Stored items from a collection:
:::
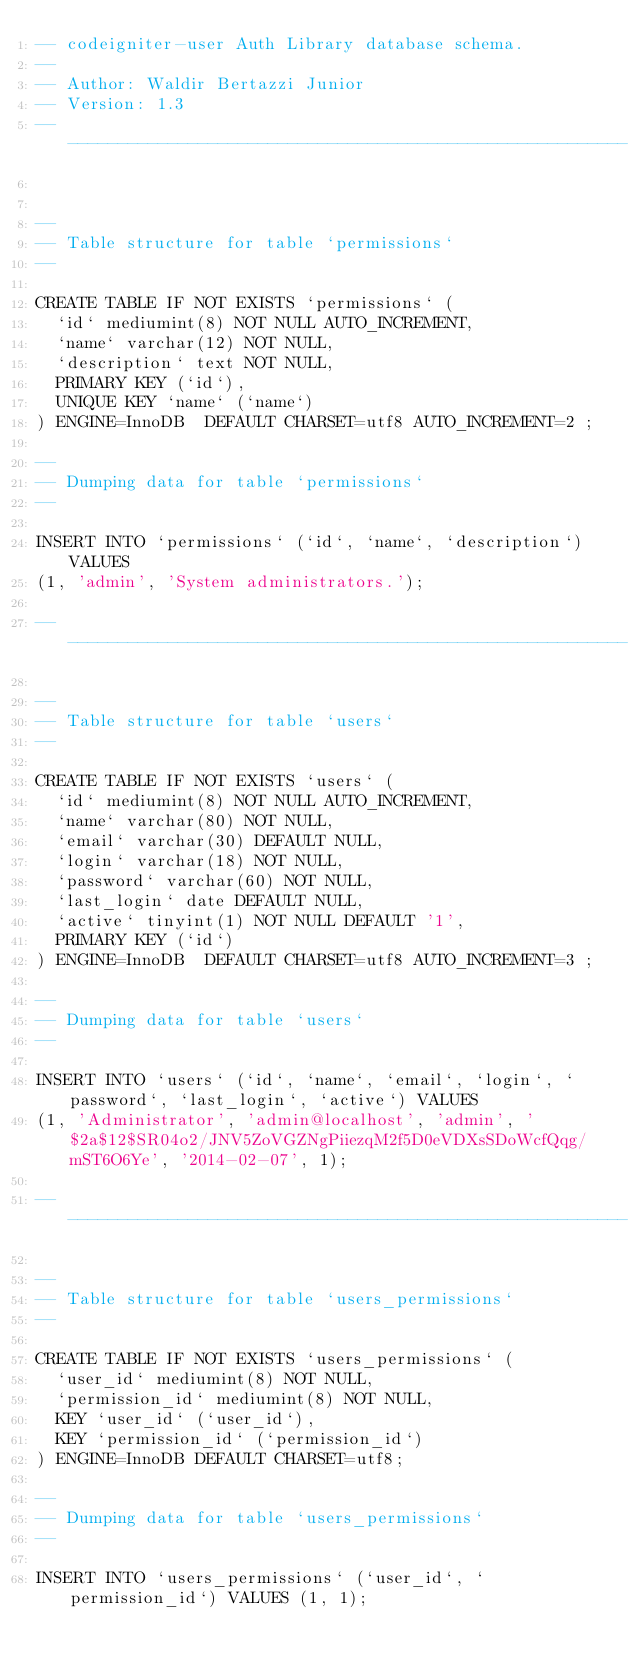Convert code to text. <code><loc_0><loc_0><loc_500><loc_500><_SQL_>-- codeigniter-user Auth Library database schema.
--
-- Author: Waldir Bertazzi Junior
-- Version: 1.3
-- --------------------------------------------------------


--
-- Table structure for table `permissions`
--

CREATE TABLE IF NOT EXISTS `permissions` (
  `id` mediumint(8) NOT NULL AUTO_INCREMENT,
  `name` varchar(12) NOT NULL,
  `description` text NOT NULL,
  PRIMARY KEY (`id`),
  UNIQUE KEY `name` (`name`)
) ENGINE=InnoDB  DEFAULT CHARSET=utf8 AUTO_INCREMENT=2 ;

--
-- Dumping data for table `permissions`
--

INSERT INTO `permissions` (`id`, `name`, `description`) VALUES
(1, 'admin', 'System administrators.');

-- --------------------------------------------------------

--
-- Table structure for table `users`
--

CREATE TABLE IF NOT EXISTS `users` (
  `id` mediumint(8) NOT NULL AUTO_INCREMENT,
  `name` varchar(80) NOT NULL,
  `email` varchar(30) DEFAULT NULL,
  `login` varchar(18) NOT NULL,
  `password` varchar(60) NOT NULL,
  `last_login` date DEFAULT NULL,
  `active` tinyint(1) NOT NULL DEFAULT '1',
  PRIMARY KEY (`id`)
) ENGINE=InnoDB  DEFAULT CHARSET=utf8 AUTO_INCREMENT=3 ;

--
-- Dumping data for table `users`
--

INSERT INTO `users` (`id`, `name`, `email`, `login`, `password`, `last_login`, `active`) VALUES
(1, 'Administrator', 'admin@localhost', 'admin', '$2a$12$SR04o2/JNV5ZoVGZNgPiiezqM2f5D0eVDXsSDoWcfQqg/mST6O6Ye', '2014-02-07', 1);

-- --------------------------------------------------------

--
-- Table structure for table `users_permissions`
--

CREATE TABLE IF NOT EXISTS `users_permissions` (
  `user_id` mediumint(8) NOT NULL,
  `permission_id` mediumint(8) NOT NULL,
  KEY `user_id` (`user_id`),
  KEY `permission_id` (`permission_id`)
) ENGINE=InnoDB DEFAULT CHARSET=utf8;

--
-- Dumping data for table `users_permissions`
--

INSERT INTO `users_permissions` (`user_id`, `permission_id`) VALUES (1, 1);</code>
:::
### [Task to complete]
Count up the lines in the entries that hold "INTO", and respond with that count and no other text.

### [Solution to the problem]
3